Ngo considered adding an omakase-only spot to his roster of restaurants (which also includes Kodaiko Ramen, Fish Face Poke Bar and the gourmet pet food business Healthy Hounds) but changed his mind after doing the accounting. “If you do two seatings a night, 12 seats, 15 seats, even at $300 — and that would be the most expensive tasting menu in Sacramento — I don’t know how you would turn a profit,” he says. “You have to pay rent, pay staff, and fish is not cheap.” He nevertheless looks forward to Tenko’s opening date and says that it’s “something we need in Sacramento.”
Across the causeway in Davis, the omakase niche has already been filled by Hikari Sushi and Omakase, which opened in May 2022. Husband-and-wife co-owners Tun Sithu and Zin Khine, who were both born in Burma (now Myanmar) and met in the Bay Area, also own the supermarket sushi supplier Mermaid Sushi. Hikari offers an a la carte menu from Tuesday to Thursday, but on Friday and Saturday nights the restaurant is only open to those who have booked the $125 omakase. The set meal lasts about two hours and may begin with a savory egg custard, crescendo through a series of nigiri, and climax with chutoro (one step less marbled than toro) topped with Hokkaido uni like a thick pat of butter.

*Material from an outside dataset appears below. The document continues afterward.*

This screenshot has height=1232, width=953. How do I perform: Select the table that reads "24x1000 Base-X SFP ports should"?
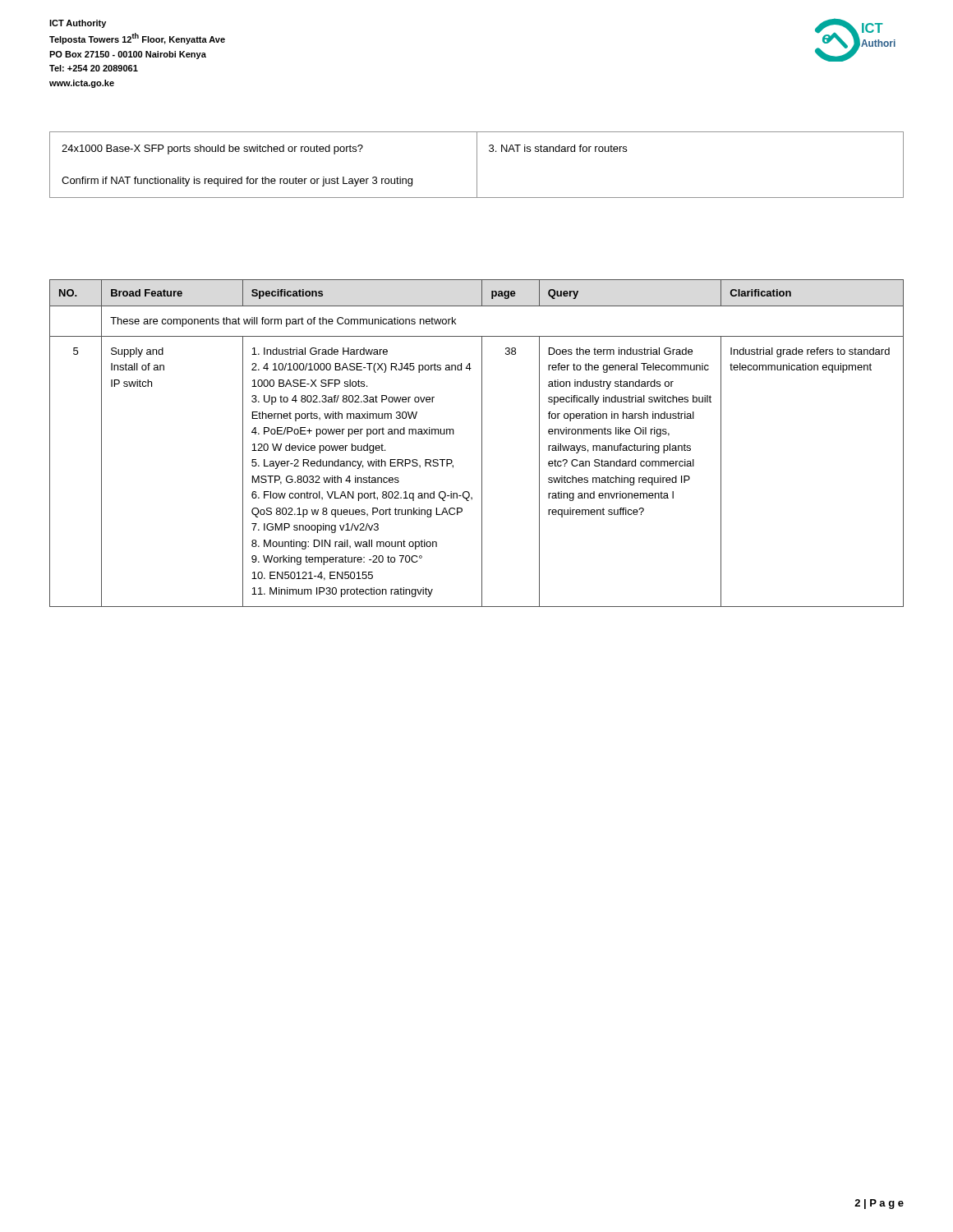(476, 164)

“In the beginning, it was really tough. I couldn’t sleep in those days,” says Sithu, who notes that the restaurant opened in the middle of a supply chain crisis and right before many UC Davis students left town for summer vacation. “But right now, things are getting so much better. We want to improve each and every day and impact every customer who comes through our doors.”
Though Sithu says that he and Khine are “still taking notes,” the restaurant has been well received by the Davis community. Sithu says that he’s served omakase to customers from around the Capital Region and the Bay Area, and demand is high enough that he is considering offering the experience throughout the week.
Chef Wong of Tenko has also seen high demand for his monthly omakase pop-ups, which almost invariably sell out weeks before the date. In addition to his growing fan base among Sacramento’s gourmand community, he’s building a name for himself in Los Angeles and the Bay Area, where he sells burnished Basque cheesecakes in Japanese-inflected flavors like matcha and yuzu under a separate pop-up series called Kēki. Meanwhile, his downtown brick-and-mortar inches closer to opening each day. The color scheme is black and gold, with accents of wood and stone.
The restaurant will seat about 10 people for two-and-a-half hour sessions, with Wong holding court behind the counter. “It’s like having your own private show,” he says. His gestures — shaping rice, slicing fish, grating fresh wasabi — are as fluid as those of a stage magician, as if a dove might emerge from his hands instead of a perfectly formed nigiri. Following his movements with shadowlike precision is his apprentice Kevin Hernandez-Ng, a former opening team member of Momofuku Las Vegas who Wong offered to give 20 years’ worth of training in a few months. “I am made of effort,” says Hernandez-Ng.
The logo, soon to be displayed on the sign and menus, features Tenko’s nine-tailed namesake, the final form of the fox spirits that make frequent appearances in Japanese and other East Asian folklore. If it manages to gather enough wisdom in 1,000 years, a fox spirit grows its ninth tail and ascends to the heavens, where it gains divine powers and immortality. “That mythology just called out to me,” Wong says. “You could say I related to it.”